Data records:
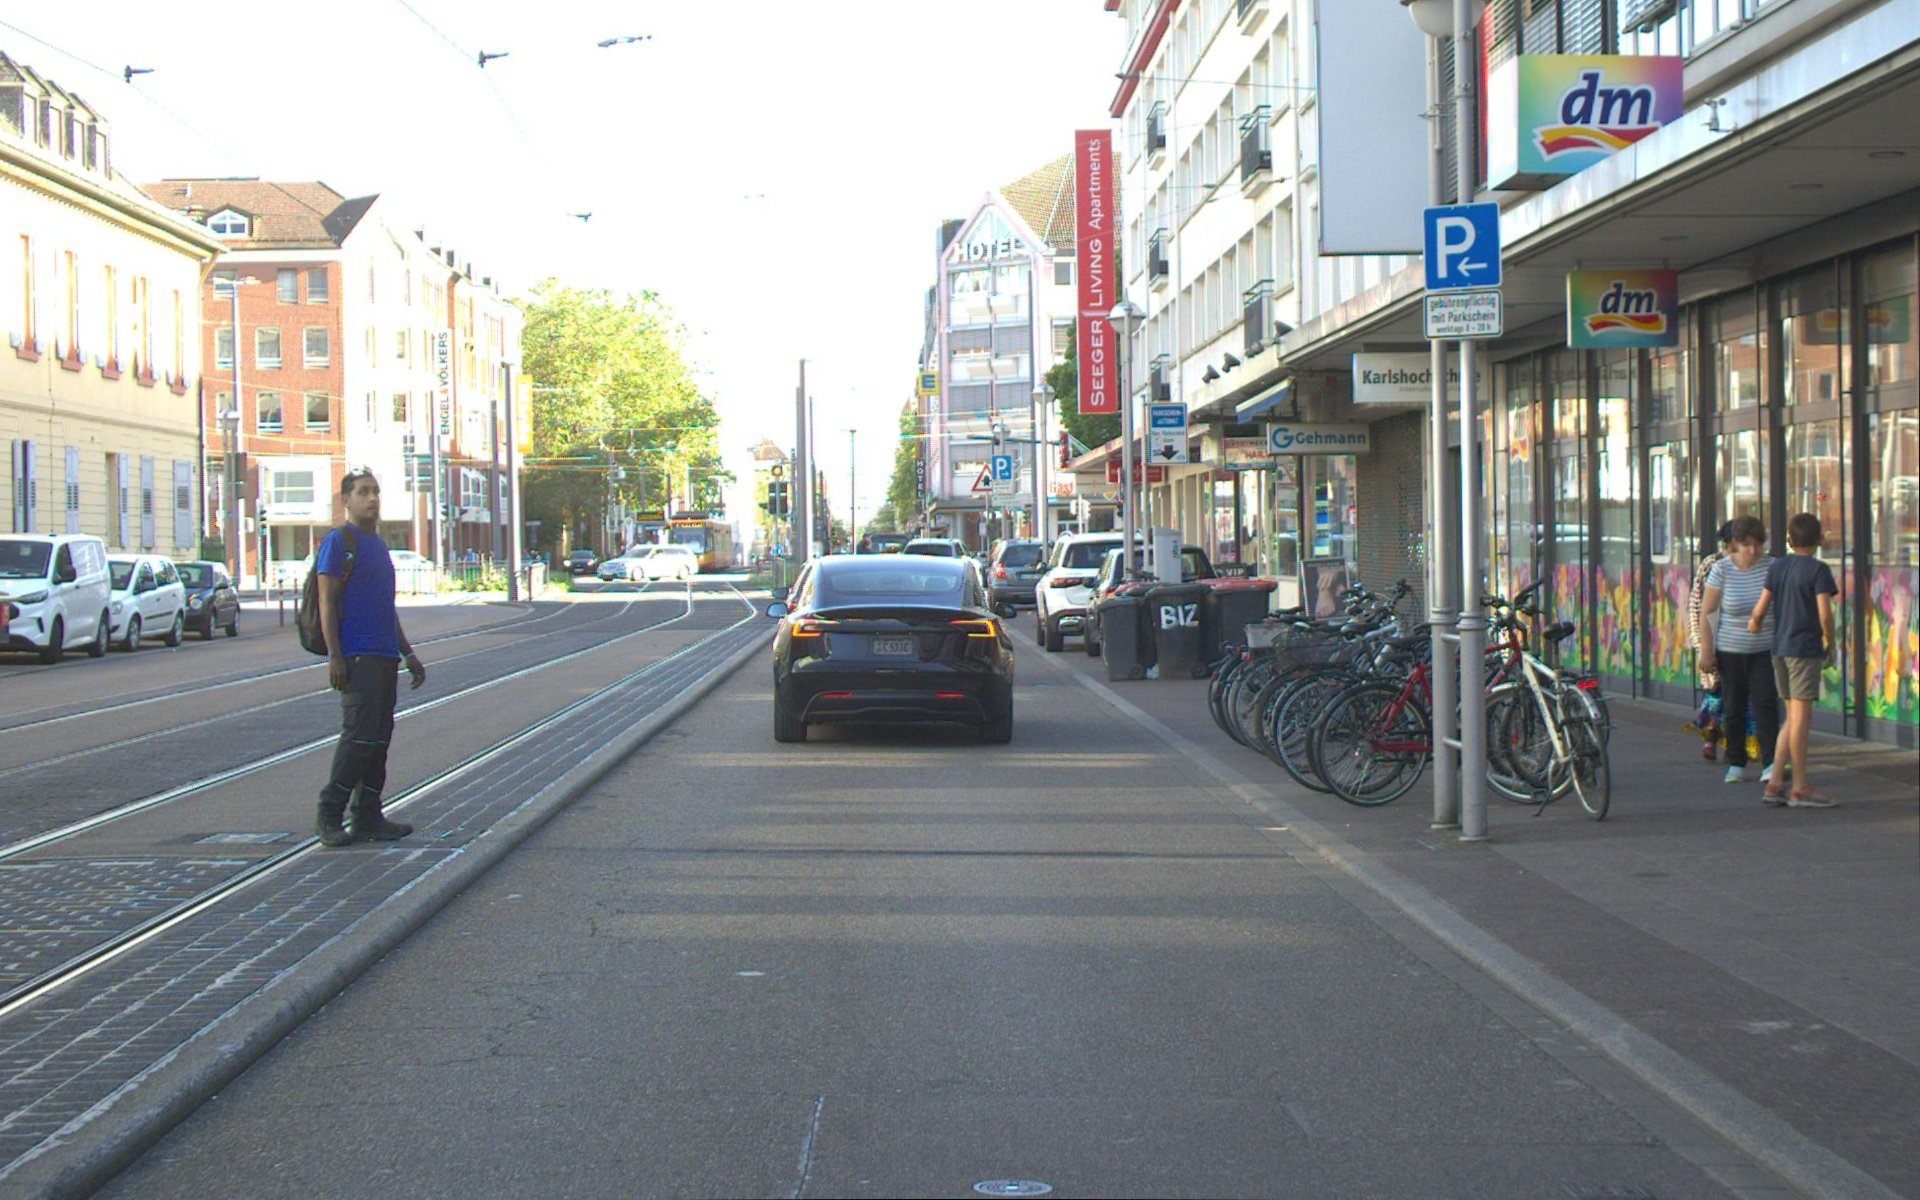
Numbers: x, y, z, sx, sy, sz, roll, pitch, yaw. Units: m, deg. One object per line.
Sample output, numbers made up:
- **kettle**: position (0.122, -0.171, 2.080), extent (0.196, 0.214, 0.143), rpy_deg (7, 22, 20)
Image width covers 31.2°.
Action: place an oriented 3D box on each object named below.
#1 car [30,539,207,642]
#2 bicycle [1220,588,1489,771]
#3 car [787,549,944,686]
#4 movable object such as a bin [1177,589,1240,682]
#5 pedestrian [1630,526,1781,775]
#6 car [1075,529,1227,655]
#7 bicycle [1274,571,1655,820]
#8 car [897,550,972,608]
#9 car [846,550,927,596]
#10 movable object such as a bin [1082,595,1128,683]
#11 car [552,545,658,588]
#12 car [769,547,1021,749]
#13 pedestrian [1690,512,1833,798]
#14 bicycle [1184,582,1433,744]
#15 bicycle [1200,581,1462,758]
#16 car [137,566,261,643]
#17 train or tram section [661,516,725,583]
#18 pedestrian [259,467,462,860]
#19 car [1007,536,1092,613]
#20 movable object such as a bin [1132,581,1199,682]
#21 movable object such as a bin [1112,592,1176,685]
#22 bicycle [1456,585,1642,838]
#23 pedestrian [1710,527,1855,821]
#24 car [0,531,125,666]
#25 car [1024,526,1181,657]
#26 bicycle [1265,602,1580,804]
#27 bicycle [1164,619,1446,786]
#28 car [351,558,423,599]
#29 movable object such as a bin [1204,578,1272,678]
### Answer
- **car**: position (-14.551, -0.177, 59.696), extent (1.808, 1.680, 4.648), rpy_deg (1, 0, 1)
- **bicycle**: position (2.766, 0.553, 24.213), extent (1.787, 1.213, 0.587), rpy_deg (-2, 1, -2)
- **car**: position (-1.026, 0.158, 38.823), extent (1.653, 1.413, 4.000), rpy_deg (1, 1, 0)
- **movable object such as a bin**: position (2.790, 0.398, 38.656), extent (0.658, 1.010, 0.636), rpy_deg (-1, 0, 2)
- **pedestrian**: position (4.583, 0.309, 21.142), extent (0.581, 1.481, 0.597), rpy_deg (-3, 1, -32)
- **car**: position (2.456, -0.122, 45.058), extent (1.614, 1.523, 4.071), rpy_deg (-2, 1, -2)
- **bicycle**: position (2.893, 0.534, 19.738), extent (2.035, 1.270, 0.525), rpy_deg (-4, 1, -10)
- **car**: position (-0.725, -0.583, 94.670), extent (1.783, 1.514, 4.219), rpy_deg (1, 0, -4)
- **car**: position (-2.518, -0.927, 116.884), extent (1.824, 1.514, 4.219), rpy_deg (1, 1, -14)
- **movable object such as a bin**: position (1.613, 0.429, 38.254), extent (0.487, 0.955, 0.457), rpy_deg (-2, 0, 2)
- **car**: position (-14.821, -1.411, 143.552), extent (3.986, 1.672, 2.000), rpy_deg (-2, 1, -23)
- **car**: position (-0.550, 0.340, 27.284), extent (1.849, 1.479, 3.787), rpy_deg (1, 0, -2)
- **pedestrian**: position (4.574, 0.305, 19.640), extent (0.581, 1.580, 0.598), rpy_deg (-3, 1, -3)
- **bicycle**: position (2.652, 0.473, 26.238), extent (1.787, 1.155, 0.669), rpy_deg (-2, 1, -2)
- **bicycle**: position (2.691, 0.498, 25.030), extent (1.787, 1.213, 0.669), rpy_deg (-2, 1, -2)
- **car**: position (-14.404, 0.070, 65.238), extent (1.614, 1.396, 3.720), rpy_deg (1, 0, -2)
- **train or tram section**: position (-15.363, -2.893, 198.736), extent (2.674, 3.703, 14.193), rpy_deg (1, 1, -1)
- **pedestrian**: position (-2.895, 0.297, 16.675), extent (0.804, 1.831, 0.746), rpy_deg (-2, 0, -2)
- **car**: position (2.006, -0.599, 78.037), extent (1.745, 1.626, 3.649), rpy_deg (-2, 1, -1)
- **movable object such as a bin**: position (2.268, 0.341, 38.007), extent (0.690, 1.085, 0.685), rpy_deg (-2, 0, 2)
- **movable object such as a bin**: position (2.068, 0.432, 38.704), extent (0.686, 1.010, 0.508), rpy_deg (-1, 0, 2)
- **bicycle**: position (3.118, 0.565, 18.326), extent (0.581, 1.253, 1.602), rpy_deg (-3, 1, -3)
- **pedestrian**: position (4.301, 0.378, 17.997), extent (0.523, 1.488, 0.583), rpy_deg (-3, 1, -3)
- **car**: position (-14.461, -0.055, 53.111), extent (1.993, 1.968, 5.097), rpy_deg (1, 0, -2)
- **car**: position (2.024, -0.143, 50.130), extent (1.849, 1.718, 5.193), rpy_deg (-3, 1, -2)
- **bicycle**: position (2.758, 0.604, 20.529), extent (1.773, 1.127, 0.479), rpy_deg (-2, 1, -6)
- **bicycle**: position (2.282, 0.676, 22.835), extent (1.773, 1.028, 0.597), rpy_deg (-2, 1, -2)
- **car**: position (-21.111, -0.810, 126.753), extent (1.903, 1.459, 4.000), rpy_deg (1, 0, 1)
- **movable object such as a bin**: position (3.075, 0.306, 38.120), extent (0.690, 1.085, 0.666), rpy_deg (-2, 0, 2)
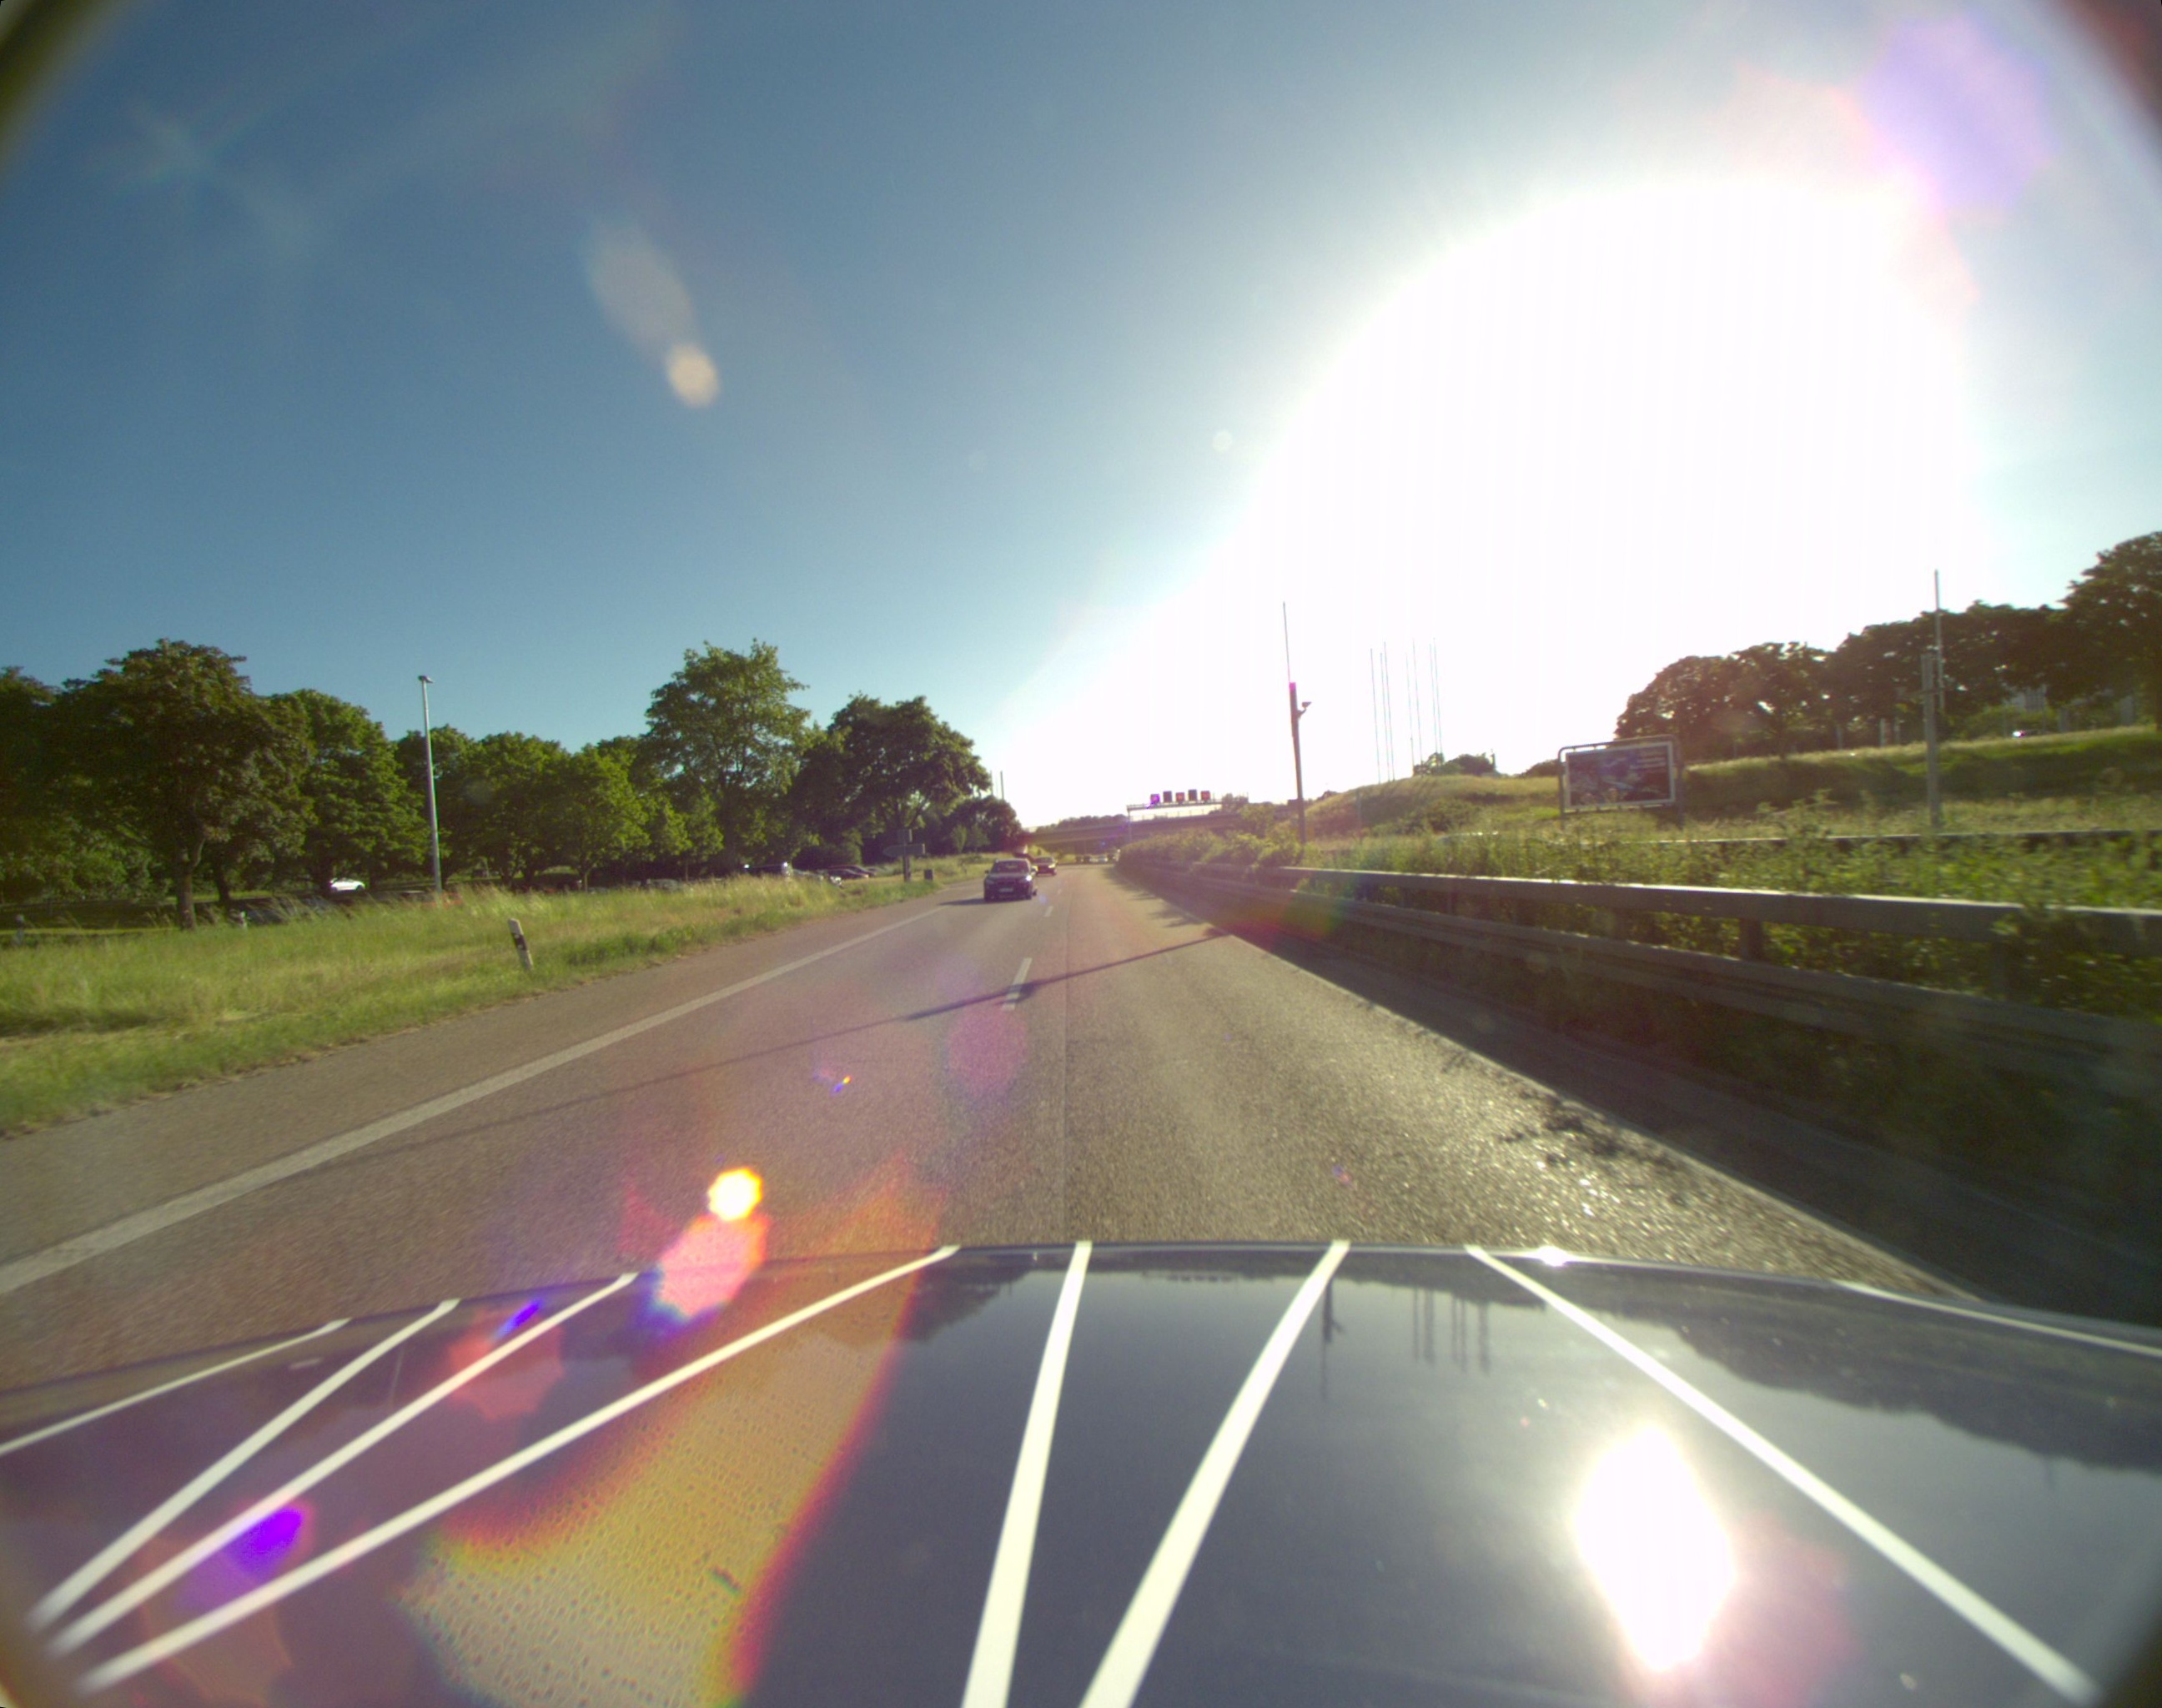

Aim of the task:
The response should be the listing above, limited to the lines between the one holding "#26 bicycle [1265,602,1580,804]" and the one holding "#29 movable object", inclusive, reproduced exactly.

Response:
#26 bicycle [1265,602,1580,804]
#27 bicycle [1164,619,1446,786]
#28 car [351,558,423,599]
#29 movable object such as a bin [1204,578,1272,678]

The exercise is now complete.